Jagdschloss, heutige „Ringhotel Jägerhof“

Als ein passendes Stück kommt der 1. Satz des 1. Brandenburgischen Konzerts in Frage. Es gibt zu dem Konzert eine nicht näher zu datierende Frühfassung, deren Entstehung schon lange hypothetisch mit der Jagdkantate in Verbindung gebracht wird; Besetzung und Tonart der beiden Werke passen jedenfalls nahezu perfekt zusammen. Und interessanter Weise verwendete Bach diesen ersten Satz auch in der Leipziger Kantate „Falsche Welt, dir trau ich nicht“ BWV 52 als Eingangssinfonia, und auch hier abgeleitet aus der frühen Fassung des Konzerts! Damit ist natürlich keinesfalls sicher, dass jener Satz tatsächlich Bachs Jagdkantate 1713 vorausging, aber es ist ein passender Satz mutmaßlich aus der passenden Zeit. In der neuen Carus-Ausgabe der Jagdkantate ist dieser Satz daher als Vorschlag für eine Einleitungssinfonia enthalten.

Kantaten-Recycling

Wie viele der weltlichen Gelegenheitskantaten Bachs hat auch die Jagdkantate ein Leben nach 1713: Als Glückwunschkantate wurde sie nahezu unverändert wohl 1716 am Weimarer Hof wiederholt; aus „Chri-sti-an“ wurde „Ernst Au-gust“, das war‘s. Und textlich ist noch eine weitere, deutlich abweichendere Fassung der Kantate erhalten (BWV 208a), die viele Jahre später 1742 zum Namenstag des sächsischen Kurfürsten und polnischen Königs August III. erklang.

Gedenktafeln am Jägerhof

Es war jener August III., der 1733 als Friedrich August II. auf August den Starken als sächsischer Kurfürst nachfolgte und 1734 dann als August III. auch polnischer König wurde und für den Bach Kyrie und Gloria der h-Moll-Messe geschrieben hatte; wiederum in der Hoffnung auf einen Hoftitel („Praedicat von Dero Hoff-Capelle“ heißt es im Widmungsschreiben zur Missa), der ihm schließlich auf nochmaliges Bitten 1736 auch gewährt wurde.

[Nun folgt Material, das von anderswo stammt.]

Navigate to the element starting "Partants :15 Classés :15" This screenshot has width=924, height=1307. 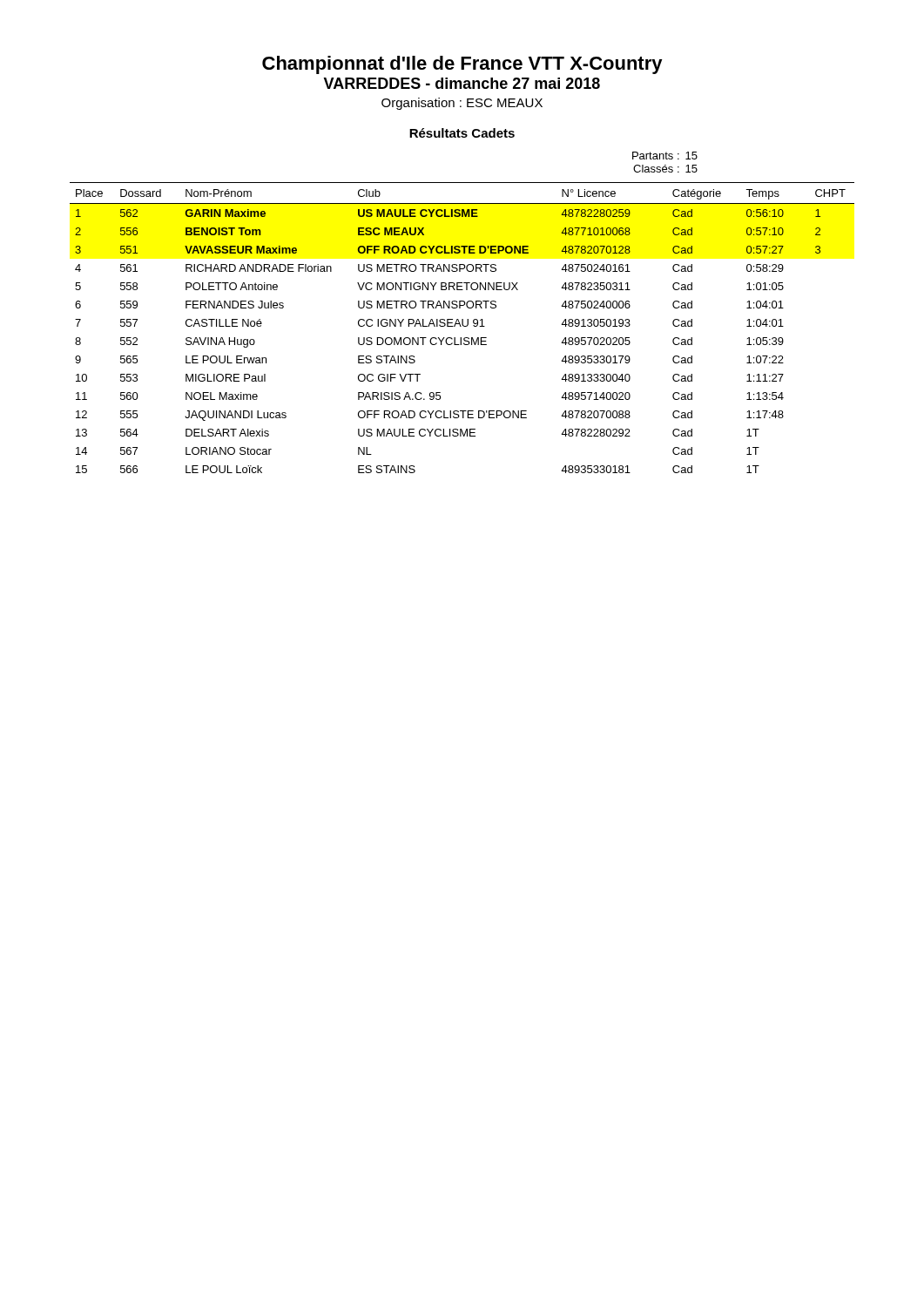coord(664,162)
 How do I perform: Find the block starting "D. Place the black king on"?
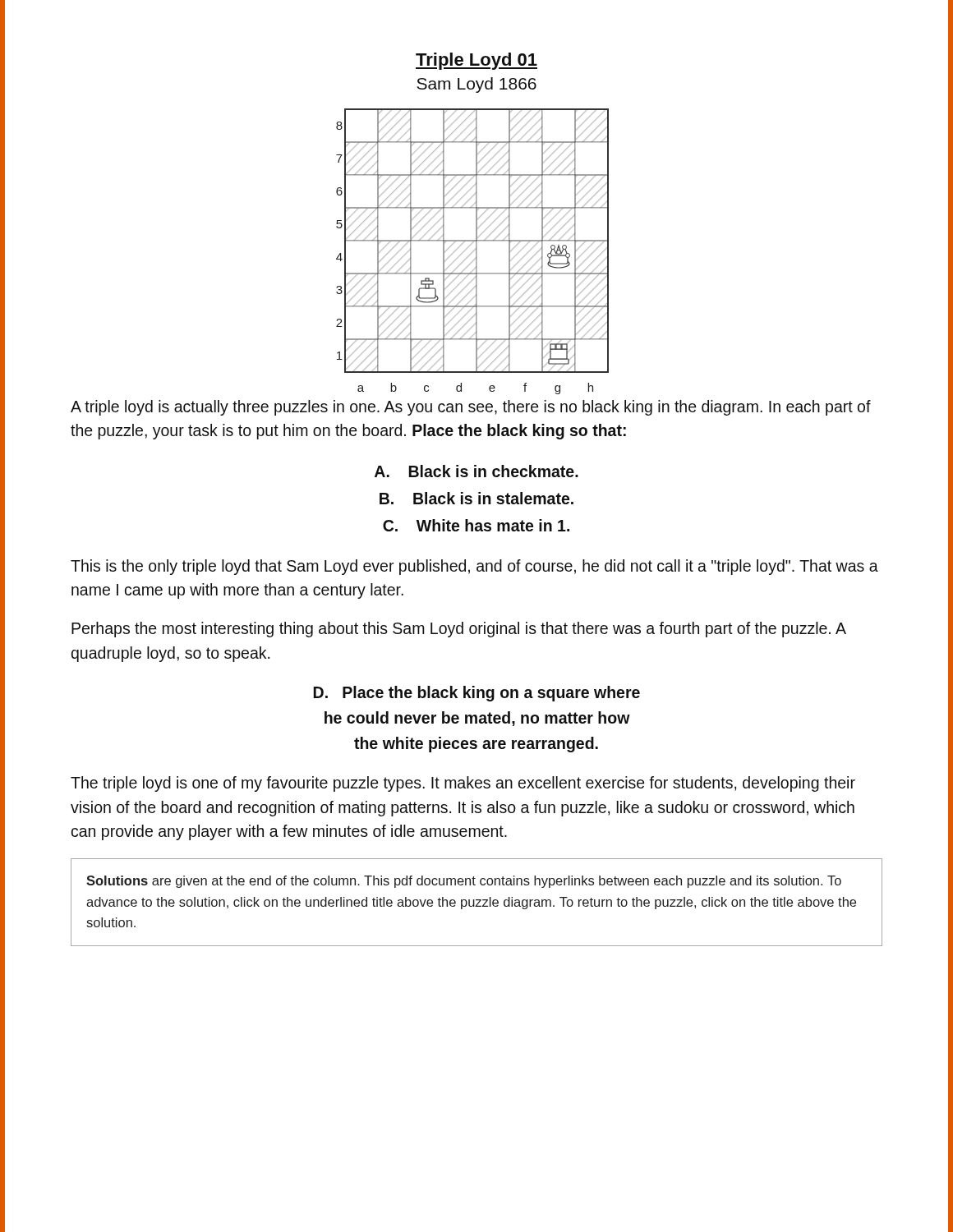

Und natürlich übernahm Bach Sätze dieses ebenso frühen wie gelungenen Werks auch in seinen geistlichen Kantaten: Zwei Sätze begegnen uns in der Kantate „Also hat Gott die Welt geliebt“ BWV 68 zum 2. Pfingsttag 1725, ein weiterer hat Eingang gefunden in die Michaelis-Kantate „Man singt mit Freuden vom Sieg“ BWV 149 aus dem Jahr 1728 oder 29. Und man darf mutmaßen, dass auch die weiteren verwertbaren Sätze (also Arien und Chöre) eine Wiederverwendung gefunden haben werden in nicht überlieferten Kantaten Bachs.

Bachs weltliche Kantaten vermitteln einen kleinen Einblick in die Ränkespiele und in Bachs Agieren zwischen Stadt und Hof; ein Agieren, das zu einem erfolgreichen Leben im Absolutismus wohl dazu gehörte, für Bach nicht weniger als für Gottsched.